ああ、この人は、私をどこまで優しさで包み込めば気が済むんだろう。私は三輪君にもらってばかりだ。でも、三輪君はきっとそんな風には思わずに、むしろ私にもらってばかりだと思いこんでいるんだろう。ばか。ばかばかばか。うそ。やっぱばかじゃない。
「何それ。……本当に何言っても嫌いにならない?」
「ならない」
ちょっと、簡単に即答したけど本当にいいの? まったく、普通に考えたら馬鹿げて聞こえるだろう私の言葉にも、三輪君は真面目に答えてくれるんだから。ただただ愛おしい彼の横顔を、私はずっと見つめてみる。
「……もし嘘ついたら?」
「……俺は蛇石と違って嘘はつかない」
もう、私も三輪君にそんな嘘ついたことないよ。そうやって笑えば、三輪君は信用してなさそうな顔でこちらを向いた。いつも外でみる三輪君の顔じゃなくて、もっと柔らかくほぐれた顔をしている。

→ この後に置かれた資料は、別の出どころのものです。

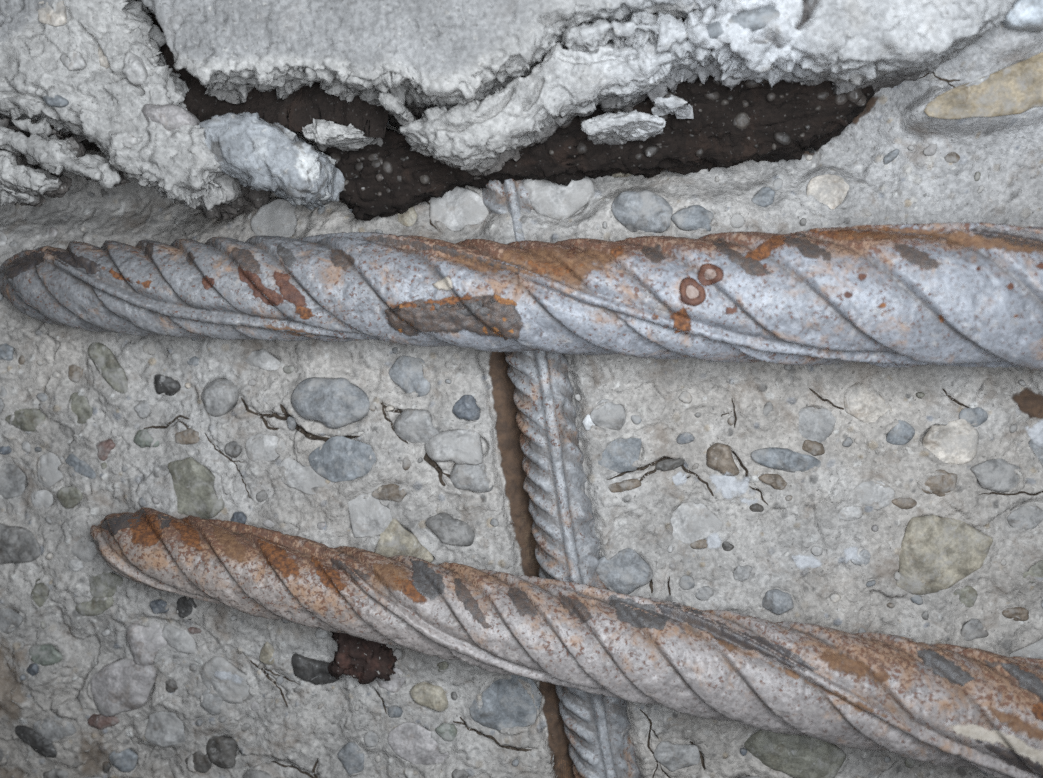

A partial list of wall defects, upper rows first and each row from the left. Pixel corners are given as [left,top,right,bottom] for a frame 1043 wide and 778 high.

crack [918,72,960,88]
spalling [0,118,130,207]
peeling [894,243,938,270]
rust [810,226,1043,269]
rust [238,266,322,336]
rust [652,263,724,334]
rust [385,277,540,577]
peeling [411,559,491,628]
peeling [609,595,818,671]
crack [272,759,318,778]
rust [539,681,575,778]
peeling [976,739,1043,778]

眉尻が緩んでみえて、ああ、なぞってしまいたいなあ、なんて心の中で考えた。
「ねえ三輪君、小指出して」
「?」
意味が分からなそうな顔をした三輪君は、私の言葉のとおり、素直に小指をこちらに向けた。三輪君の左の小指に、自分のそれを重ね合わせる。ぴったり隙間なくくっつくように、ぎゅうぎゅう小指に力をこめた。この先ずっと離れないように。離れてしまっても、もう一度お互いが結びつくように。そう思いを込めて、そっと目を閉じる。
「ゆーびきり、げーんまん」
まるで小さい子供のように、リズムを取りながらお互いの手を揺らし合う。
「うーそついたらはーりせーんぼーんのーます。……指切った」
そっと目を開けると、あきれたような、それでいて柔らかな顔をした三輪君と目が合った。
心の中の荒んだ波が、一瞬ですっと引いていくような、そんな穏やかな顔だった。